The used arsenous acid was prepared as follows. 0.98 g As₂O₃ were dissolved in 35 ml bidistilled water adjusted to pH 12.7 with NaOH. After complete dissolution, the solution was adjusted to pH 2.0 with sulfuric acid to obtain a 0.2 mol l⁻¹ stock solution of arsenous acid. All experiments were done with a clock solution prepared from equal amounts of 0.046 mol l⁻¹ arsenous acid and 0.15 mol l⁻¹ aqueous potassium iodate solution. The pH of the reaction was adjusted with 0.1 mol l⁻¹ NaOH solution and stabilized between 2.6 and 6.8 with McIllvane citrate buffer solution.²⁴ To each reaction solution, 0.1% of soluble starch indicator was added to visualize the triiodide as a dark blue color.

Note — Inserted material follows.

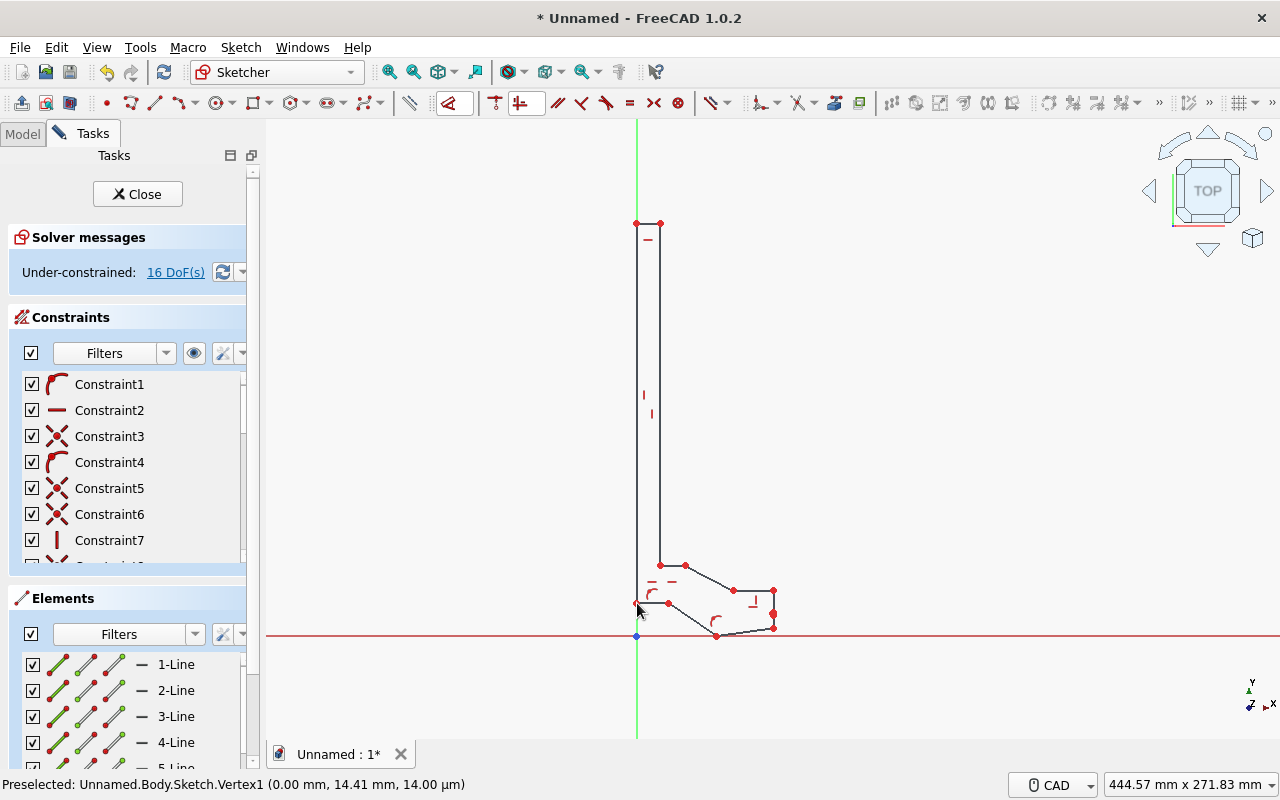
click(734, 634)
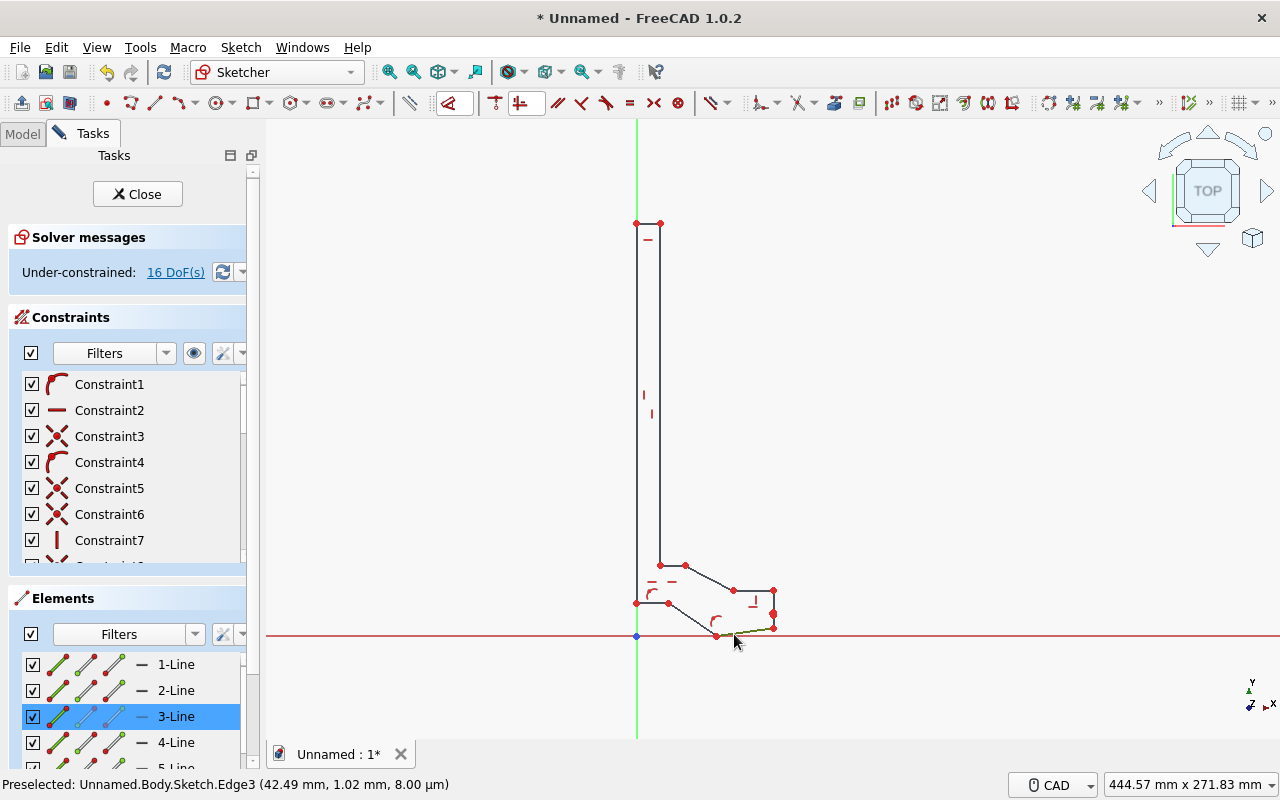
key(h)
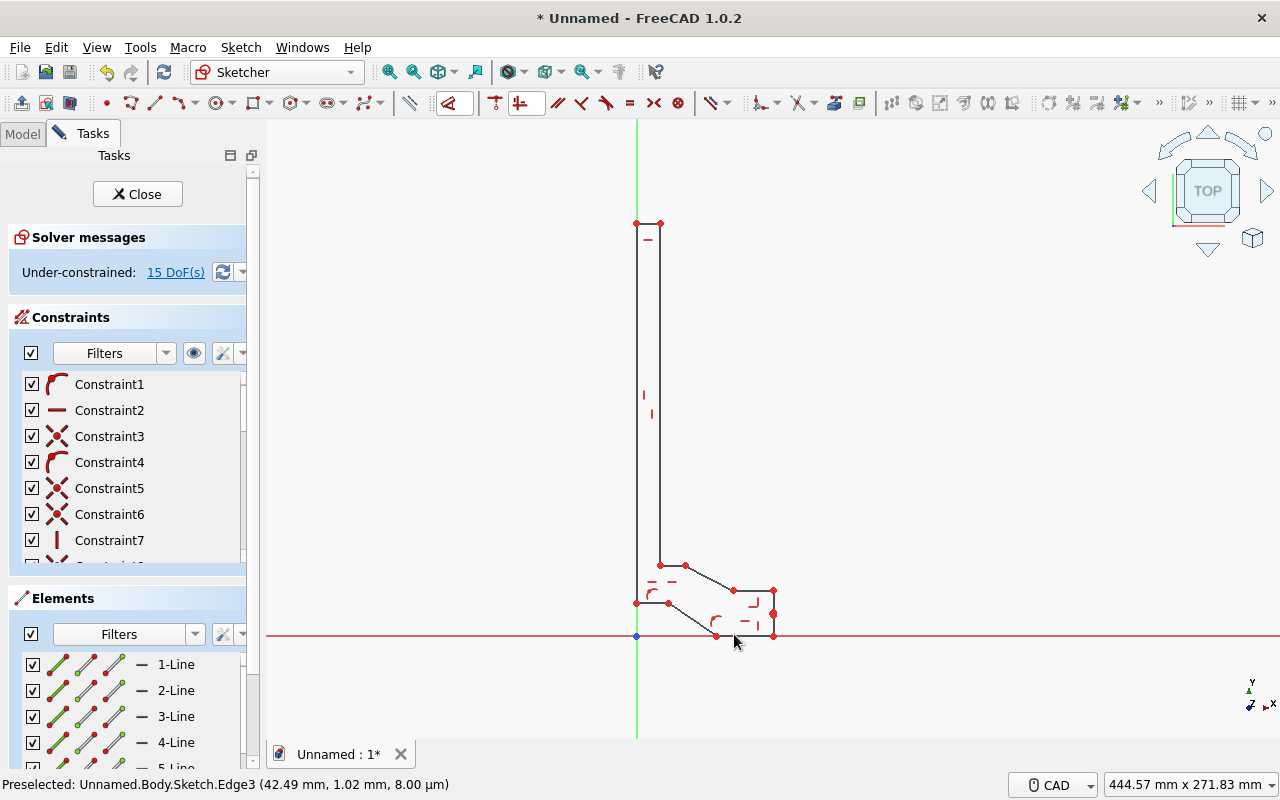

The ratio of concentrations of arsenous acid to iodate were chosen to R = 0.3, so that iodate was in excess and the reaction ends in a state of completely dark color.²⁵

Determination of induction period in a microtiter plate

To obtain statistically reliable results for the induction period of the autocatalytic iodate–arsenous acid clock reaction, we performed multiple parallel experiments using 96 well microtiter plates (Brand GmbH & Co. KG, Wertheim, Germany). In each case, equal amounts (80 μl) of arsenic acid and iodate solution were placed in columns of 8 wells. In each column of 8 wells, the autocatalytic reaction was then started simultaneously by adding 80 μl of KI inducer solution with a 8-tip Eppendorf-pipette. The same protocol was chosen for different inducer concentrations. The induction period was manually measured with a stop watch (neolab, Heidelberg, Germany).

Microfluidics

The microfluidic channel was manufactured from polydimethylsiloxane (PDMS) by soft lithography as introduced by Duffy et al.²⁶ Briefly, a silicium wafer was coated with photoresist (SU-8 2050, microresist, Germany) in a vacuum spin coater (WS-400BX-6NPP/Lite, Laurell, North Wales, USA) to predefined height. After prebaking, the coated wafer was illuminated with a UV lamp (Tamarack PRX 500, San Francisco, USA) through a photomask (JD-Phototools, Hitchin, United Kingdom) with the channel layout as shown in Fig. S3A (ESI†). After postbaking, the structure was developed in dev-600mr developer (microresist, Berlin, Germany) until all non-illuminated photoresist was removed. After cleaning with 2-propanol and drying at room temperature, the wafer was ready to use for the microchannel manufacturing process. The dimensions of the microstructure used in our experiments are given in the Fig. S5 (ESI†).

For microfluidic chip fabrication, PDMS elastomer (Sylgard 184-Kit, Dow Corning, Wiesbaden, Germany) was mixed with curing agent in a 1 : 10 ratio. The elastomer/curer mixture was poured onto the structured silicon wafer and the PDMS was polymerized at 95 °C in a laboratory oven (Thermofischer, Germany). After cooling to room temperature over night, the chip was cut with a scalpel out of the PDMS block on top of the wafer, inlet and outlet holes were punched into the PDMS with a syringe needle, and the PDMS block with the channel structure was plasma bonded to a glass cover slip in a vacuum plasma oven (Harrick, Ithaca, USA). The completely assembled chip can be seen in Fig. S3B (ESI†). The microchannel was filled with pure water and stored at room temperature until use. The required solutions of the clock reaction were stored separately in Hamilton 250 μl microsyringes (Harvard Apparatus, Holliston, USA) to avoid an uncontrolled initiation of the autocatalytic reaction and connected to the inlet structures in the PDMS microfluidic chip via PTFE tubings. During experiments, the solutions were pumped simultaneously through the microchannels with a PHD Ultra micropump (Harvard Apparatus, Holliston, USA).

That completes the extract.